Inhibition of COX-2 is sufficient to reduce toxin-induced invasion
Most of the genes and proteins were induced by both RhoC and RhoA expression (Supplementary Table 2). Because we found Transgelin to be by far the strongest differentially regulated gene following expression of RhoC (compare Supplementary Table 2), we included a Western blot analysis to demonstrate its induction on the protein level by both GTPases, as well as following treatment with CNF1 or CNFY (Figure 6A, 6B). In fact, only one gene turned out to be preferentially and robustly upregulated by RhoC induction (0.8 log2 fold after 1 day of stimulation, Supplementary Table 1) but less by RhoA overexpression (0,1 log2 fold induction after 1 day, Supplementary Table 1): PTGS2 (COX-2), that is known to increase cell motility and invasion in breast cancer cells . To confirm the involvement of COX-2 in toxin-induced invasion of MCF-10A cells, we treated preformed MCF-10A acini with the toxins in the presence and absence of the specific COX-2 inhibitor Celecoxib. As shown in Figure 6C, the invasive phenotype induced by the toxins was significantly reduced in the presence of the COX-2 inhibitor.

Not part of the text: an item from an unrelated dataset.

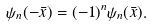<formula> <loc_0><loc_0><loc_500><loc_500>\psi _ { n } ( - \bar { x } ) = ( - 1 ) ^ { n } \psi _ { n } ( \bar { x } ) .</formula>

Figure 6: Transgelin and COX-2 as target genes of Rho proteins and CNF toxins. (A) Western-blots showing the expression levels of Transgelin and COX-2 as putative candidate target genes of RhoA/C and CNF1/Y. Protein levels were determined in GFP-, RhoA- and RhoC-inducible MCF-10A cells ± Doxycycline induction over 24 h (left) and in WT-MCF-10A cells with or without treatment with 1 nM CNF1 or CNFY over 24 h (right). (B) Average protein expression levels (N = 3) in the different cell lines and treatments as described in (A) for Transgelin (top) and COX-2 (bottom) normalized to GAPDH. (C) Representative phase-contrast micrographs of untreated (top), CNF1- (middle) and CNFY-treated (bottom) MCF-10A 3D cultures, which were additionally treated with the specific pharmacological COX-2 inhibitor (20 μM Celecoxib, right) or DMSO (left) as a control (pictures taken at DI3D 13, CNF1/Y treatment DI3D 7-13, DMSO/Celecoxib treatment DI3D 7-13), scale bar 50 μm. Bars and error bars represent mean ± SEM. *p < 0.05; **p < 0.01; ***p < 0.001; n.s., p ≥ 0.05.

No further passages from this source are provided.